After using weight of evidence & Information value mechanism, of the 40 odd variables I am left with 8 variables which are highly or moderately significant.
One of the independent variable which is categorical has 60+ categories. This is a very highly predictable variable hence please suggest as to how should I
use this variable in the model.
When I add this variable in the model my null deviance and AIC decreases and makes other predictors loose their predictive power.
Then another model without this variable my null deviance and AIC improves.
What could be the reason.

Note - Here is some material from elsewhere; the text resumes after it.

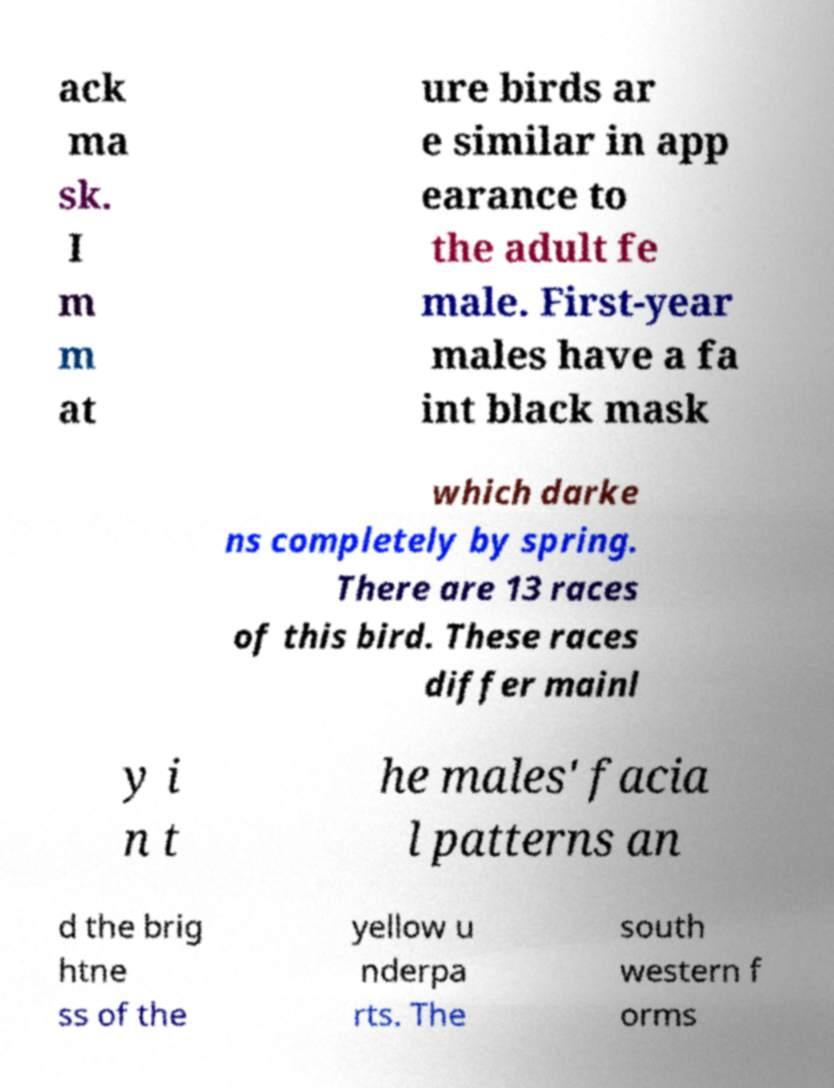Can you read and provide the text displayed in the image?This photo seems to have some interesting text. Can you extract and type it out for me? ack ma sk. I m m at ure birds ar e similar in app earance to the adult fe male. First-year males have a fa int black mask which darke ns completely by spring. There are 13 races of this bird. These races differ mainl y i n t he males' facia l patterns an d the brig htne ss of the yellow u nderpa rts. The south western f orms

Is this variable collinear with some other predictor.
Please see the syntax: < Without that Categorical Var>
m1.logit<- glm(survey ~ region+ know + repS+ und+ case_status, family = binomial(logit), data = a1 )
m1.logit
summary(m1.logit)
Call:
glm(formula = survey ~ region + know + repS + und + case_status,
family = binomial(logit), data = a1)
Deviance Residuals:
` Min 1Q Median 3Q Max`
-2.579 0.271 0.290 0.336 2.895
Signif. codes: 0 ‘***’ 0.001 ‘**’ 0.01 ‘*’ 0.05 ‘.’ 0.1 ‘ ’ 1
(Dispersion parameter for binomial family taken to be 1)
Null deviance: 2553.5 on 2540 degrees of freedom
Residual deviance: 1287.7 on 2526 degrees of freedom
AIC: 1318
Number of Fisher Scoring iterations: 13
Also ran an anova test to analyze the table of deviance
anova(m1.logit, test="Chisq")
Analysis of Deviance Table
Model: binomial, link: logit
Response: survey
Terms added sequentially (first to last)
Df Deviance Resid. Df Resid. Dev Pr(>Chi)
NULL 2540 2554
region 5 13 2535 2540 0.022 *
know 1 507 2534 2033 < 0.0000000000000002 ***
repS 1 715 2533 1319 < 0.0000000000000002 ***
und 1 3 2532 1316 0.109
case_status 6 28 2526 1288 0.000078 ***
Signif. codes: 0 ‘***’ 0.001 ‘**’ 0.01 ‘*’ 0.05 ‘.’ 0.1 ‘ ’ 1
Please suggest as to how to deal with this predictor variable with 50+ categories
Best Answer
You can create small bins based on event rate and reduce it say 5-10 bins to make it more stable. This will require the bivariate analysis against the target class and also analyzing the proportion of population among different categories. If after binning, some of your predictors become non-significant, you can remove them. You might need to have multiple iterations to come up with final model selection based on your objective.